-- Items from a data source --
....
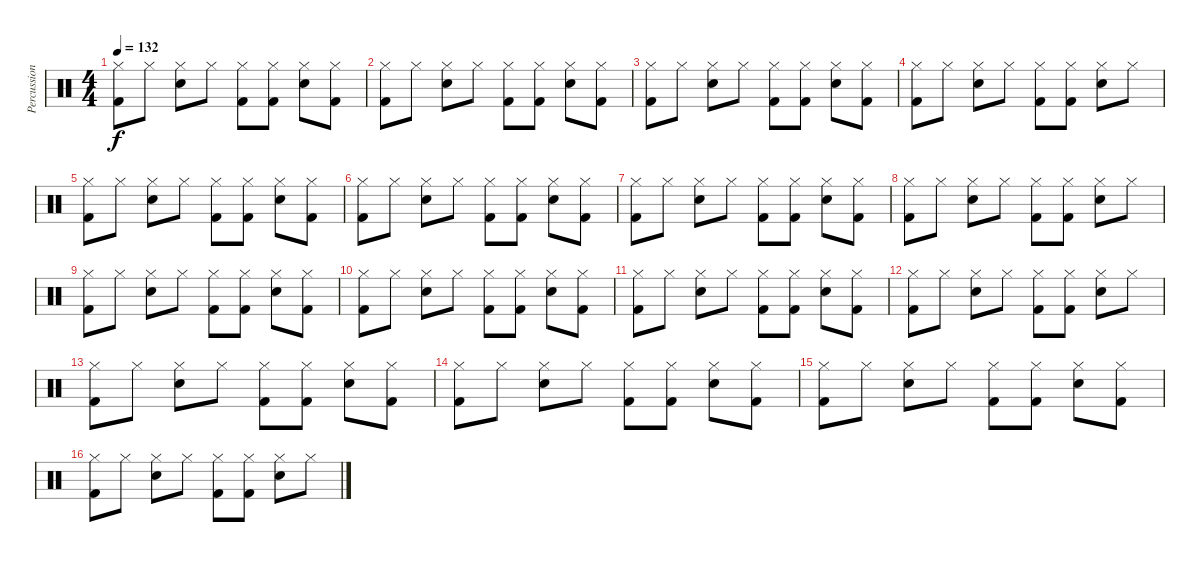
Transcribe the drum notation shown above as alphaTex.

\track ("Percussion" "Percussion") {instrument percussion}
\staff {score}
\articulation defaults
\ts (4 4)
\tempo 132
\clef neutral
\ks c
("Kick (hit) 2" "Hi-Hat (closed)").8{dy f} "Hi-Hat (closed)".8 ("Electric Snare (hit)" "Hi-Hat (closed)").8 "Hi-Hat (closed)".8 ("Kick (hit) 2" "Hi-Hat (closed)").8 ("Kick (hit) 2" "Hi-Hat (closed)").8 ("Electric Snare (hit)" "Hi-Hat (closed)").8 ("Kick (hit) 2" "Hi-Hat (closed)").8 |
("Kick (hit) 2" "Hi-Hat (closed)").8 "Hi-Hat (closed)".8 ("Electric Snare (hit)" "Hi-Hat (closed)").8 "Hi-Hat (closed)".8 ("Kick (hit) 2" "Hi-Hat (closed)").8 ("Kick (hit) 2" "Hi-Hat (closed)").8 ("Electric Snare (hit)" "Hi-Hat (closed)").8 ("Kick (hit) 2" "Hi-Hat (closed)").8 |
("Kick (hit) 2" "Hi-Hat (closed)").8 "Hi-Hat (closed)".8 ("Electric Snare (hit)" "Hi-Hat (closed)").8 "Hi-Hat (closed)".8 ("Kick (hit) 2" "Hi-Hat (closed)").8 ("Kick (hit) 2" "Hi-Hat (closed)").8 ("Electric Snare (hit)" "Hi-Hat (closed)").8 ("Kick (hit) 2" "Hi-Hat (closed)").8 |
("Kick (hit) 2" "Hi-Hat (closed)").8 "Hi-Hat (closed)".8 ("Electric Snare (hit)" "Hi-Hat (closed)").8 "Hi-Hat (closed)".8 ("Kick (hit) 2" "Hi-Hat (closed)").8 ("Kick (hit) 2" "Hi-Hat (closed)").8 ("Electric Snare (hit)" "Hi-Hat (closed)").8 "Hi-Hat (closed)".8 |
("Kick (hit) 2" "Hi-Hat (closed)").8 "Hi-Hat (closed)".8 ("Electric Snare (hit)" "Hi-Hat (closed)").8 "Hi-Hat (closed)".8 ("Kick (hit) 2" "Hi-Hat (closed)").8 ("Kick (hit) 2" "Hi-Hat (closed)").8 ("Electric Snare (hit)" "Hi-Hat (closed)").8 ("Kick (hit) 2" "Hi-Hat (closed)").8 |
("Kick (hit) 2" "Hi-Hat (closed)").8 "Hi-Hat (closed)".8 ("Electric Snare (hit)" "Hi-Hat (closed)").8 "Hi-Hat (closed)".8 ("Kick (hit) 2" "Hi-Hat (closed)").8 ("Kick (hit) 2" "Hi-Hat (closed)").8 ("Electric Snare (hit)" "Hi-Hat (closed)").8 ("Kick (hit) 2" "Hi-Hat (closed)").8 |
("Kick (hit) 2" "Hi-Hat (closed)").8 "Hi-Hat (closed)".8 ("Electric Snare (hit)" "Hi-Hat (closed)").8 "Hi-Hat (closed)".8 ("Kick (hit) 2" "Hi-Hat (closed)").8 ("Kick (hit) 2" "Hi-Hat (closed)").8 ("Electric Snare (hit)" "Hi-Hat (closed)").8 ("Kick (hit) 2" "Hi-Hat (closed)").8 |
("Kick (hit) 2" "Hi-Hat (closed)").8 "Hi-Hat (closed)".8 ("Electric Snare (hit)" "Hi-Hat (closed)").8 "Hi-Hat (closed)".8 ("Kick (hit) 2" "Hi-Hat (closed)").8 ("Kick (hit) 2" "Hi-Hat (closed)").8 ("Electric Snare (hit)" "Hi-Hat (closed)").8 "Hi-Hat (closed)".8 |
("Kick (hit) 2" "Hi-Hat (closed)").8 "Hi-Hat (closed)".8 ("Electric Snare (hit)" "Hi-Hat (closed)").8 "Hi-Hat (closed)".8 ("Kick (hit) 2" "Hi-Hat (closed)").8 ("Kick (hit) 2" "Hi-Hat (closed)").8 ("Electric Snare (hit)" "Hi-Hat (closed)").8 ("Kick (hit) 2" "Hi-Hat (closed)").8 |
("Kick (hit) 2" "Hi-Hat (closed)").8 "Hi-Hat (closed)".8 ("Electric Snare (hit)" "Hi-Hat (closed)").8 "Hi-Hat (closed)".8 ("Kick (hit) 2" "Hi-Hat (closed)").8 ("Kick (hit) 2" "Hi-Hat (closed)").8 ("Electric Snare (hit)" "Hi-Hat (closed)").8 ("Kick (hit) 2" "Hi-Hat (closed)").8 |
("Kick (hit) 2" "Hi-Hat (closed)").8 "Hi-Hat (closed)".8 ("Electric Snare (hit)" "Hi-Hat (closed)").8 "Hi-Hat (closed)".8 ("Kick (hit) 2" "Hi-Hat (closed)").8 ("Kick (hit) 2" "Hi-Hat (closed)").8 ("Electric Snare (hit)" "Hi-Hat (closed)").8 ("Kick (hit) 2" "Hi-Hat (closed)").8 |
("Kick (hit) 2" "Hi-Hat (closed)").8 "Hi-Hat (closed)".8 ("Electric Snare (hit)" "Hi-Hat (closed)").8 "Hi-Hat (closed)".8 ("Kick (hit) 2" "Hi-Hat (closed)").8 ("Kick (hit) 2" "Hi-Hat (closed)").8 ("Electric Snare (hit)" "Hi-Hat (closed)").8 "Hi-Hat (closed)".8 |
("Kick (hit) 2" "Hi-Hat (closed)").8 "Hi-Hat (closed)".8 ("Electric Snare (hit)" "Hi-Hat (closed)").8 "Hi-Hat (closed)".8 ("Kick (hit) 2" "Hi-Hat (closed)").8 ("Kick (hit) 2" "Hi-Hat (closed)").8 ("Electric Snare (hit)" "Hi-Hat (closed)").8 ("Kick (hit) 2" "Hi-Hat (closed)").8 |
("Kick (hit) 2" "Hi-Hat (closed)").8 "Hi-Hat (closed)".8 ("Electric Snare (hit)" "Hi-Hat (closed)").8 "Hi-Hat (closed)".8 ("Kick (hit) 2" "Hi-Hat (closed)").8 ("Kick (hit) 2" "Hi-Hat (closed)").8 ("Electric Snare (hit)" "Hi-Hat (closed)").8 ("Kick (hit) 2" "Hi-Hat (closed)").8 |
("Kick (hit) 2" "Hi-Hat (closed)").8 "Hi-Hat (closed)".8 ("Electric Snare (hit)" "Hi-Hat (closed)").8 "Hi-Hat (closed)".8 ("Kick (hit) 2" "Hi-Hat (closed)").8 ("Kick (hit) 2" "Hi-Hat (closed)").8 ("Electric Snare (hit)" "Hi-Hat (closed)").8 ("Kick (hit) 2" "Hi-Hat (closed)").8 |
("Kick (hit) 2" "Hi-Hat (closed)").8 "Hi-Hat (closed)".8 ("Electric Snare (hit)" "Hi-Hat (closed)").8 "Hi-Hat (closed)".8 ("Kick (hit) 2" "Hi-Hat (closed)").8 ("Kick (hit) 2" "Hi-Hat (closed)").8 ("Electric Snare (hit)" "Hi-Hat (closed)").8 "Hi-Hat (closed)".8
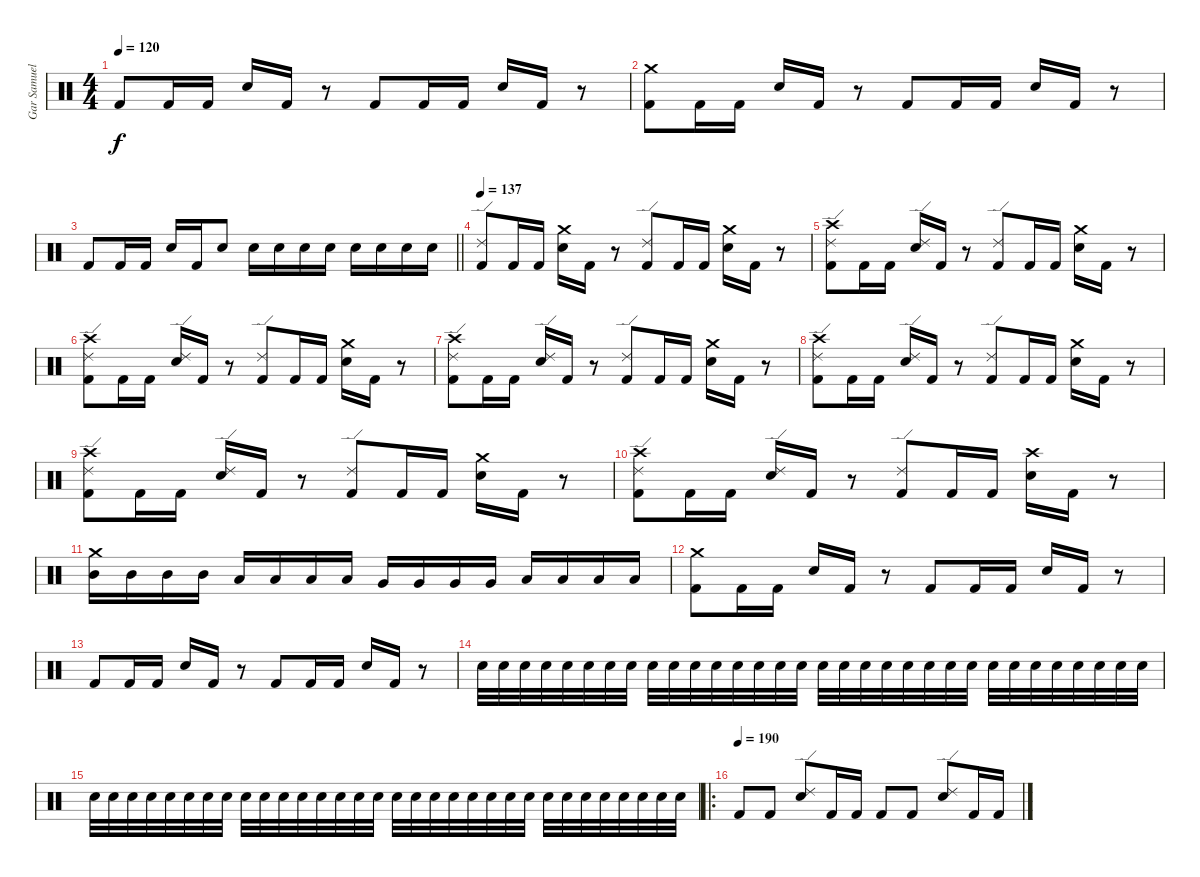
\track ("Gar Samuelson" "Gar Samuel") {instrument percussion}
\staff {score}
\articulation defaults
\ts (4 4)
\tempo 120
\clef neutral
\ks c "Kick (hit) 2".8{dy f} "Kick (hit) 2".16 "Kick (hit) 2".16 "Snare (hit) 2".16 "Kick (hit) 2".16
r.8 "Kick (hit) 2".8 "Kick (hit) 2".16 "Kick (hit) 2".16 "Snare (hit) 2".16 "Kick (hit) 2".16 r.8 |
("Crash medium (hit)" "Kick (hit) 2").8 "Kick (hit) 2".16 "Kick (hit) 2".16 "Snare (hit) 2".16 "Kick (hit) 2".16 r.8 "Kick (hit) 2".8 "Kick (hit) 2".16 "Kick (hit) 2".16 "Snare (hit) 2".16 "Kick (hit) 2".16 r.8 |
\barLineRight lightlight "Kick (hit) 2".8 "Kick (hit) 2".16 "Kick (hit) 2".16 "Snare (hit) 2".16 "Kick (hit) 2".16 "Snare (hit) 2".8 "Snare (hit) 2".16 "Snare (hit) 2".16 "Snare (hit) 2".16 "Snare (hit) 2".16 "Snare (hit) 2".16 "Snare (hit) 2".16 "Snare (hit) 2".16 "Snare (hit) 2".16
|
\tempo 137
("Ride (edge) 2" "Kick (hit) 2").8 "Kick (hit) 2".16 "Kick (hit) 2".16 ("Crash medium (hit)" "Snare (hit) 2").16 "Kick (hit) 2".16 r.8 ("Ride (edge) 2" "Kick (hit) 2").8 "Kick (hit) 2".16 "Kick (hit) 2".16 ("Crash medium (hit)" "Snare (hit) 2").16 "Kick (hit) 2".16 r.8 |
("Crash high (hit)" "Ride (edge) 2" "Kick (hit) 2").8 "Kick (hit) 2".16 "Kick (hit) 2".16 ("Ride (edge) 2" "Snare (hit) 2").16 "Kick (hit) 2".16 r.8 ("Ride (edge) 2" "Kick (hit) 2").8 "Kick (hit) 2".16 "Kick (hit) 2".16 ("Crash medium (hit)" "Snare (hit) 2").16 "Kick (hit) 2".16 r.8 |
("Crash high (hit)" "Ride (edge) 2" "Kick (hit) 2").8 "Kick (hit) 2".16 "Kick (hit) 2".16 ("Ride (edge) 2" "Snare (hit) 2").16 "Kick (hit) 2".16 r.8 ("Ride (edge) 2" "Kick (hit) 2").8 "Kick (hit) 2".16 "Kick (hit) 2".16 ("Crash medium (hit)" "Snare (hit) 2").16 "Kick (hit) 2".16 r.8 |
("Crash high (hit)" "Ride (edge) 2" "Kick (hit) 2").8 "Kick (hit) 2".16 "Kick (hit) 2".16 ("Ride (edge) 2" "Snare (hit) 2").16 "Kick (hit) 2".16 r.8 ("Ride (edge) 2" "Kick (hit) 2").8 "Kick (hit) 2".16 "Kick (hit) 2".16 ("Crash medium (hit)" "Snare (hit) 2").16 "Kick (hit) 2".16 r.8 |
("Crash high (hit)" "Ride (edge) 2" "Kick (hit) 2").8 "Kick (hit) 2".16 "Kick (hit) 2".16 ("Ride (edge) 2" "Snare (hit) 2").16 "Kick (hit) 2".16 r.8 ("Ride (edge) 2" "Kick (hit) 2").8 "Kick (hit) 2".16 "Kick (hit) 2".16 ("Crash medium (hit)" "Snare (hit) 2").16 "Kick (hit) 2".16 r.8 |
("Crash high (hit)" "Ride (edge) 2" "Kick (hit) 2").8 "Kick (hit) 2".16 "Kick (hit) 2".16 ("Ride (edge) 2" "Snare (hit) 2").16 "Kick (hit) 2".16 r.8 ("Ride (edge) 2" "Kick (hit) 2").8 "Kick (hit) 2".16 "Kick (hit) 2".16 ("Crash medium (hit)" "Snare (hit) 2").16 "Kick (hit) 2".16 r.8 |
("Crash high (hit)" "Ride (edge) 2" "Kick (hit) 2").8 "Kick (hit) 2".16 "Kick (hit) 2".16 ("Ride (edge) 2" "Snare (hit) 2").16 "Kick (hit) 2".16 r.8 ("Ride (edge) 2" "Kick (hit) 2").8 "Kick (hit) 2".16 "Kick (hit) 2".16 ("Crash high (hit)" "Snare (hit) 2").16 "Kick (hit) 2".16 r.8 |
("Crash medium (hit)" "Mid Tom (hit)").16 "Mid Tom (hit)".16 "Mid Tom (hit)".16 "Mid Tom (hit)".16 "Low Tom (hit)".16 "Low Tom (hit)".16 "Low Tom (hit)".16 "Low Tom (hit)".16 "Very Low Tom (hit)".16 "Very Low Tom (hit)".16 "Very Low Tom (hit)".16 "Very Low Tom (hit)".16 "Low Floor Tom (hit)".16 "Low Floor Tom (hit)".16 "Low Floor Tom (hit)".16 "Low Floor Tom (hit)".16 |
("Crash medium (hit)" "Kick (hit) 2").8 "Kick (hit) 2".16 "Kick (hit) 2".16 "Snare (hit) 2".16 "Kick (hit) 2".16 r.8 "Kick (hit) 2".8 "Kick (hit) 2".16 "Kick (hit) 2".16 "Snare (hit) 2".16 "Kick (hit) 2".16 r.8 |
"Kick (hit) 2".8 "Kick (hit) 2".16 "Kick (hit) 2".16 "Snare (hit) 2".16 "Kick (hit) 2".16 r.8 "Kick (hit) 2".8 "Kick (hit) 2".16 "Kick (hit) 2".16 "Snare (hit) 2".16 "Kick (hit) 2".16 r.8 |
"Snare (hit) 2".32 "Snare (hit) 2".32 "Snare (hit) 2".32 "Snare (hit) 2".32 "Snare (hit) 2".32 "Snare (hit) 2".32 "Snare (hit) 2".32 "Snare (hit) 2".32 "Snare (hit) 2".32 "Snare (hit) 2".32 "Snare (hit) 2".32 "Snare (hit) 2".32 "Snare (hit) 2".32 "Snare (hit) 2".32 "Snare (hit) 2".32 "Snare (hit) 2".32 "Snare (hit) 2".32 "Snare (hit) 2".32 "Snare (hit) 2".32 "Snare (hit) 2".32 "Snare (hit) 2".32 "Snare (hit) 2".32 "Snare (hit) 2".32 "Snare (hit) 2".32 "Snare (hit) 2".32 "Snare (hit) 2".32 "Snare (hit) 2".32 "Snare (hit) 2".32 "Snare (hit) 2".32 "Snare (hit) 2".32 "Snare (hit) 2".32 "Snare (hit) 2".32 |
"Snare (hit) 2".32 "Snare (hit) 2".32 "Snare (hit) 2".32 "Snare (hit) 2".32 "Snare (hit) 2".32 "Snare (hit) 2".32 "Snare (hit) 2".32 "Snare (hit) 2".32 "Snare (hit) 2".32 "Snare (hit) 2".32 "Snare (hit) 2".32 "Snare (hit) 2".32 "Snare (hit) 2".32 "Snare (hit) 2".32 "Snare (hit) 2".32 "Snare (hit) 2".32 "Snare (hit) 2".32 "Snare (hit) 2".32 "Snare (hit) 2".32 "Snare (hit) 2".32 "Snare (hit) 2".32 "Snare (hit) 2".32 "Snare (hit) 2".32 "Snare (hit) 2".32 "Snare (hit) 2".32 "Snare (hit) 2".32 "Snare (hit) 2".32 "Snare (hit) 2".32 "Snare (hit) 2".32 "Snare (hit) 2".32 "Snare (hit) 2".32 "Snare (hit) 2".32 |
\ro
\tempo (190)
"Kick (hit) 2".8 "Kick (hit) 2".8 ("Ride (edge) 2" "Snare (hit) 2").8 "Kick (hit) 2".16 "Kick (hit) 2".16 "Kick (hit) 2".8 "Kick (hit) 2".8 ("Ride (edge) 2" "Snare (hit) 2").8 "Kick (hit) 2".16 "Kick (hit) 2".16
....
From the records above, pull out each line that has "instrument".

-- ANSWER SECTION --
\track ("Percussion" "Percussion") {instrument percussion}
\track ("Gar Samuelson" "Gar Samuel") {instrument percussion}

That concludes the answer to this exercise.